IL PRESENTE. Oggi Schwazer fa l’allenatore dei podisti amatoriali, «l’unico modo per me di restare nello sport», si è sposato con Kathrin Freund e ha due figli. «La famiglia viene prima di tutto», dice, «oggi sono un uomo contento che guarda avanti. La vicenda di cui sono stato vittima non mi ha tolto la fiducia nello sport che, come la vita, comporta momenti belli e momenti brutti. Da ragazzo sognavo di partecipare alle Olimpiadi e un’edizione l’ho anche vinta. Sono soddisfatto del percorso che ho fatto». Rimpianti? «Con la maturità di oggi, non mi doperei più ma all’epoca ero troppo giovane e sottoposto a una pressione fortissima. Quando ho deciso di tornare a marciare a livello agonistico, ho scelto Donati perché era la persona giusta per accompagnare la mia risalita».

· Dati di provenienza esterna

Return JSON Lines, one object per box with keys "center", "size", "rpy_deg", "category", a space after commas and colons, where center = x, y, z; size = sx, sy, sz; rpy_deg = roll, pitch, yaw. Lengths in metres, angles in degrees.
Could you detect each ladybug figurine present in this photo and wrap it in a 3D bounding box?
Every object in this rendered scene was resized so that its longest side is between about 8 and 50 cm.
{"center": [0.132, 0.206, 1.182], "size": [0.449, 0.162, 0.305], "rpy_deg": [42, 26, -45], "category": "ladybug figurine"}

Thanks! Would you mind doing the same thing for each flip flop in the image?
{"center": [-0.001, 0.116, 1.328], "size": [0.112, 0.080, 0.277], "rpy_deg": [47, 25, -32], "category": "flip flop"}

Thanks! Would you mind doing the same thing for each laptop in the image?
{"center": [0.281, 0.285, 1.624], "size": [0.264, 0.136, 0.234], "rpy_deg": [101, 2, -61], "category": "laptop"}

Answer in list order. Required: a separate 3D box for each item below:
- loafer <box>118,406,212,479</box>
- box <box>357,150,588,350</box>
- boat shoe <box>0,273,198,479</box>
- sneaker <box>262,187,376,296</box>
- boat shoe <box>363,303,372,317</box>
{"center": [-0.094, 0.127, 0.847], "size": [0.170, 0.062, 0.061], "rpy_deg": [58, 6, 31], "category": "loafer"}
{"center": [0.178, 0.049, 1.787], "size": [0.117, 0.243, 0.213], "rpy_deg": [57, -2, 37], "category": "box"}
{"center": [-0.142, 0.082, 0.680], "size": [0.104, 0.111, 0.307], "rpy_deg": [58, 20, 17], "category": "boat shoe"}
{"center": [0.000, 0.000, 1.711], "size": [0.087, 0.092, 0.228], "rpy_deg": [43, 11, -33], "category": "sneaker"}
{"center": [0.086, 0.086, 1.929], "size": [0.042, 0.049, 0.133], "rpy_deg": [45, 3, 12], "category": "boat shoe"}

IL FUTURO. Cosa si aspetta dal futuro? «Sarò troppo vecchio per andare alle Olimpiadi di Los Angeles del 2028... Si vedrà, per ora continuo a fare quello che faccio e metto la famiglia al primo posto». Per vedere annullata la squalifica, Schwazer si è rivolto alla Corte Europea dei Diritti dell’uomo, che ha già accolto il suo ricorso. «La storia di questo atleta va oltre lo sport», conclude Giovanni Bossetti, manager contenuti originali non fiction di Netflix, «è una storia che parla di valori universali come successo, caduta, rinascita, consapevolezza, amicizia. Non poteva non essere raccontata».